The particular virtue NBC brings to its NHL coverage is top-to-bottom expertise, unmatched anywhere in TV coverage of team sports. The crew of 40 was handpicked two years ago by the executive producer, Scotty Connal, a 45-year-old former NBC page, and remains on hockey from the first TV games in January until the conclusion of the Stanley Cup in May. A good many members of Connal's troupe are hockey players of one caliber or another themselves; before every broadcast they like to have a game in whatever rink they are broadcasting from. Connal once played for the New York Rovers and hockey continued to absorb him when he wasn't busy covering political conventions, space shots or presidential elections.

"I'll admit that I'm a hockey nut," says Connal. "Our crew consists of people who have a definite feeling for the game. That's why we can do what we do. We try to anticipate what might happen. We try to find out everything we can about the players as individuals and about their styles."

Connal is quick to allow that TV hockey has problems. "Some people have no conception of ice hockey and, to be candid, I sure would hate to have to learn the game by watching it on television. The fact is that in the NHL the same people go to all the games. You can go to Boston Garden and see the same people in the same seats for 10 years. Many of the fans we are trying to reach have never had the opportunity to experience an NHL game." There is hope, he thinks, in the large group of youngsters playing hockey in this country. "They're dedicated to the game," Connal says, "and they are going to become tremendous fans in a few years."

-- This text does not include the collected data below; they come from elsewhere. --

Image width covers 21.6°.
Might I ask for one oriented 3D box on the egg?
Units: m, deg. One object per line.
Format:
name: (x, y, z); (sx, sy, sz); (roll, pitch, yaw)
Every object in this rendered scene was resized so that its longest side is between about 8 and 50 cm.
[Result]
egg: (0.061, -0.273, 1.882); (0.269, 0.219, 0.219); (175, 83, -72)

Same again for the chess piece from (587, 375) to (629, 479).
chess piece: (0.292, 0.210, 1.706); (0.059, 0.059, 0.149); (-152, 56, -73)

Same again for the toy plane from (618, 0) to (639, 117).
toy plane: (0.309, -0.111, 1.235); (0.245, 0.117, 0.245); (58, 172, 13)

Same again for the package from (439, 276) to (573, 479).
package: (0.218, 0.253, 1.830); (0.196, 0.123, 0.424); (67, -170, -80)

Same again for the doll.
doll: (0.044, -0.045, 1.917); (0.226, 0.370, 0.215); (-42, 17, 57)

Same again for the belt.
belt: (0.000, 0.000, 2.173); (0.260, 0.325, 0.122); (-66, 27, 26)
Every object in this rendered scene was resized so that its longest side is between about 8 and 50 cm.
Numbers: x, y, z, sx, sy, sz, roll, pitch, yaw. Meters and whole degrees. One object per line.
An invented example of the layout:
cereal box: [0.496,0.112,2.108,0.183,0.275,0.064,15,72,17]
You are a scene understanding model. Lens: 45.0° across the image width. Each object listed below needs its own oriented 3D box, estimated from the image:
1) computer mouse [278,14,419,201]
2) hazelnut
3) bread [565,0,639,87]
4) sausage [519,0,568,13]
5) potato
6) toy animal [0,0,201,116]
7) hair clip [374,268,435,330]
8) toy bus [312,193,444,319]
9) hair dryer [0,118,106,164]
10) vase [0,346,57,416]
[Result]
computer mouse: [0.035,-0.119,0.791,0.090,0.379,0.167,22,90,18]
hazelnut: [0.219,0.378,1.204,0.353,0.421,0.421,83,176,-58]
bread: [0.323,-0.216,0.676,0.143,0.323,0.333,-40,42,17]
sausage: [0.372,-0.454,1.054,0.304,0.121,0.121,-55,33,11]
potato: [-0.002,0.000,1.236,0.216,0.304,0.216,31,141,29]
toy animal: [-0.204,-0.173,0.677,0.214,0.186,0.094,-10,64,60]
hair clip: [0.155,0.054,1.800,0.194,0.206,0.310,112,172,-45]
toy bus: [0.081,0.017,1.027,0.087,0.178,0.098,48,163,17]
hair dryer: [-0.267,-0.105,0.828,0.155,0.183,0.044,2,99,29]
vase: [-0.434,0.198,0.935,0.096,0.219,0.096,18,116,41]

The three announcers who do the games for Connal and NBC—Tim Ryan, Brian McFarlane and Ted Lindsay—lend solid credibility to their subject. Ryan and McFarlane have both broadcast hockey in Toronto, where it is the No. 1 sport, and Lindsay's candor is refreshing. Lindsay, of course, was the game's premier leftwinger with the Detroit Red Wings in the late '40s and the '50s. His career record shows 379 goals scored, more than 30 hours spent in penalty boxes and 760 stitches taken.

The isolation shots NBC gives its audience are another plus. "When the puck goes into the net," says Connal, "I want to see what caused the goal—the defenseman missing the check or the scramble in front of the net. Hockey fans are just as sophisticated about their sport as baseball or football fans are about theirs. We feel that the producer and director should know every bit as much about games and teams as the announcers do. One of our top cameramen is Ray Figelski, who flies in every week from California. Ray plays hockey and loves it. He can somehow stay a skater's step ahead of the action because he knows the game."

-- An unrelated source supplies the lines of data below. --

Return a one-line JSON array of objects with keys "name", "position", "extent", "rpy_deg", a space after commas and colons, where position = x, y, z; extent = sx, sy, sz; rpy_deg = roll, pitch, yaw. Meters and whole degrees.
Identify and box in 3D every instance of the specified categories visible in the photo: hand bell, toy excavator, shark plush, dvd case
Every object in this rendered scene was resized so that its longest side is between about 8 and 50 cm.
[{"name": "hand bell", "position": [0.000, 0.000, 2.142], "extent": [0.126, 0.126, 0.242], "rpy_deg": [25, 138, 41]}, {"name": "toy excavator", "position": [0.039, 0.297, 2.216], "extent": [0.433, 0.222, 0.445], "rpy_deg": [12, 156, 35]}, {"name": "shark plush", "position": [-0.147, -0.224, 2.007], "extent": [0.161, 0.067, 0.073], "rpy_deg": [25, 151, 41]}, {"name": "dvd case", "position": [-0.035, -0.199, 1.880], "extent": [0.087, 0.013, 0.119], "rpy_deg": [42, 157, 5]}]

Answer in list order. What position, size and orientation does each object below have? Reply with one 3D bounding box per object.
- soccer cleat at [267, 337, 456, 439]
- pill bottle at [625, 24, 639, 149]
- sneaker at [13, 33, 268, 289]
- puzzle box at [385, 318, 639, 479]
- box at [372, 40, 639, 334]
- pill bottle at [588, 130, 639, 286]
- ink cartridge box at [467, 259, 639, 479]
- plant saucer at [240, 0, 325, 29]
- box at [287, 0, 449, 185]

Connal and his crew have developed some pretty sophisticated techniques. For instance, when they want to get a commercial on the air, the producer pushes a button that activates an electric cummerbund around the waist of the linesman. A mild shock registers on the official's stomach and he starts to look for a point when the action slows down. The interruptions are not as long or as obvious as they are in pro football.

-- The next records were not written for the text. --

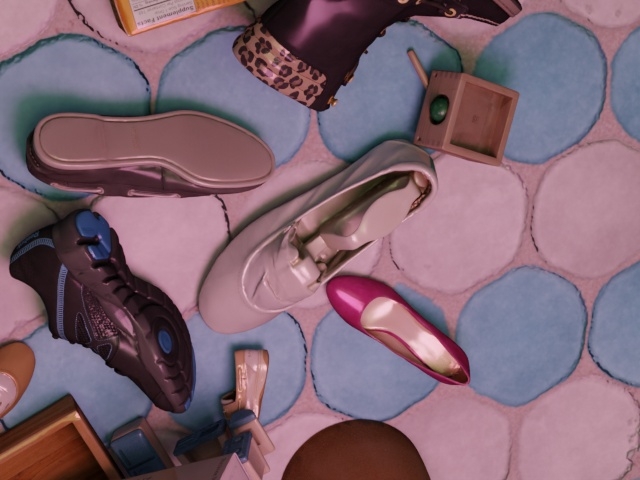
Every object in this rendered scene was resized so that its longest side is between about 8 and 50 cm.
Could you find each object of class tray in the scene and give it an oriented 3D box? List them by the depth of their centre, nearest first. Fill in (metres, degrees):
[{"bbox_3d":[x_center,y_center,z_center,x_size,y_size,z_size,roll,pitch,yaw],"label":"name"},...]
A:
[{"bbox_3d":[-0.478,0.409,1.913,0.411,0.076,0.203,-30,112,-7],"label":"tray"}]

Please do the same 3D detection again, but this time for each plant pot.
[{"bbox_3d":[0.081,0.421,1.985,0.237,0.254,0.237,-4,107,-14],"label":"plant pot"}]

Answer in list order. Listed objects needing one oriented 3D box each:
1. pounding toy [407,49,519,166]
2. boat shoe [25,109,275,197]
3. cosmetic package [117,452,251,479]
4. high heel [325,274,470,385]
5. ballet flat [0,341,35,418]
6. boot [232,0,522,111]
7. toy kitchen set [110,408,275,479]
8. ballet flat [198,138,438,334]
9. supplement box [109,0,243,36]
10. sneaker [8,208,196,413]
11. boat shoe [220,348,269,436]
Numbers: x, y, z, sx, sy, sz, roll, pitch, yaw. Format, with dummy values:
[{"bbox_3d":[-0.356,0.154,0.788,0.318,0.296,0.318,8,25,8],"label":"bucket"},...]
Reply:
[{"bbox_3d":[0.189,-0.188,1.928,0.141,0.100,0.130,14,92,-33],"label":"pounding toy"},{"bbox_3d":[-0.231,-0.112,1.835,0.335,0.095,0.112,4,69,-21],"label":"boat shoe"},{"bbox_3d":[-0.241,0.396,1.783,0.309,0.160,0.113,-18,113,22],"label":"cosmetic package"},{"bbox_3d":[0.116,0.134,1.983,0.244,0.117,0.082,39,92,-23],"label":"high heel"},{"bbox_3d":[-0.474,0.240,1.863,0.232,0.073,0.080,-47,113,0],"label":"ballet flat"},{"bbox_3d":[0.080,-0.303,1.824,0.284,0.138,0.377,-45,150,23],"label":"boot"},{"bbox_3d":[-0.184,0.306,1.885,0.207,0.166,0.122,-27,105,11],"label":"toy kitchen set"},{"bbox_3d":[0.000,0.000,1.904,0.400,0.139,0.139,-37,112,-3],"label":"ballet flat"},{"bbox_3d":[-0.162,-0.341,1.784,0.233,0.078,0.080,-17,113,-11],"label":"supplement box"},{"bbox_3d":[-0.290,0.109,1.876,0.140,0.125,0.341,-21,117,20],"label":"sneaker"},{"bbox_3d":[-0.116,0.235,1.980,0.059,0.063,0.170,9,103,-6],"label":"boat shoe"}]
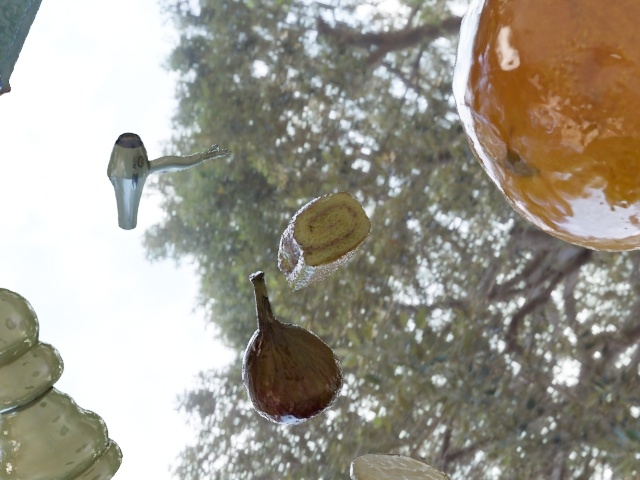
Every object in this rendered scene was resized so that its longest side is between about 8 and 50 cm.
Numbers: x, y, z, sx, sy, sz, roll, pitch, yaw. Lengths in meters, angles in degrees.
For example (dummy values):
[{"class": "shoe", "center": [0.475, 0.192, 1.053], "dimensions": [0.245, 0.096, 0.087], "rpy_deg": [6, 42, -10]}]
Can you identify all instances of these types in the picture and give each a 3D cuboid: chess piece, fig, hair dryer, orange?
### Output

NBC's current position on future hockey telecasts was succinctly stated last week by Carl Lindemann, Vice President, Sports: "We do not care to talk about it at this time." The reason for such standoffishness is, as stated, that this is the final year of the two-year, $6-million-per-year contract with the NHL, and NBC must decide soon about the one-year option. There is no doubt that some station managers in the South and Southwest don't care for the game, no matter how skillfully broadcast, and would not be disappointed if the option is not renewed. As it is, of NBC's 218 outlets, only 180 take hockey.

In the ratings game, NBA basketball (a CBS presentation) outdraws hockey by about two to one (30 million viewers to 15 million) but this year both sports have declined in terms of numbers because ABC has injected Son of Wide World of Sports into its Sunday afternoon programming.

Once Stanley Cup play is concluded, NBC and the NHL will sit down and the network will decide what future hockey may have with it. It will be a pity if their answer is "none."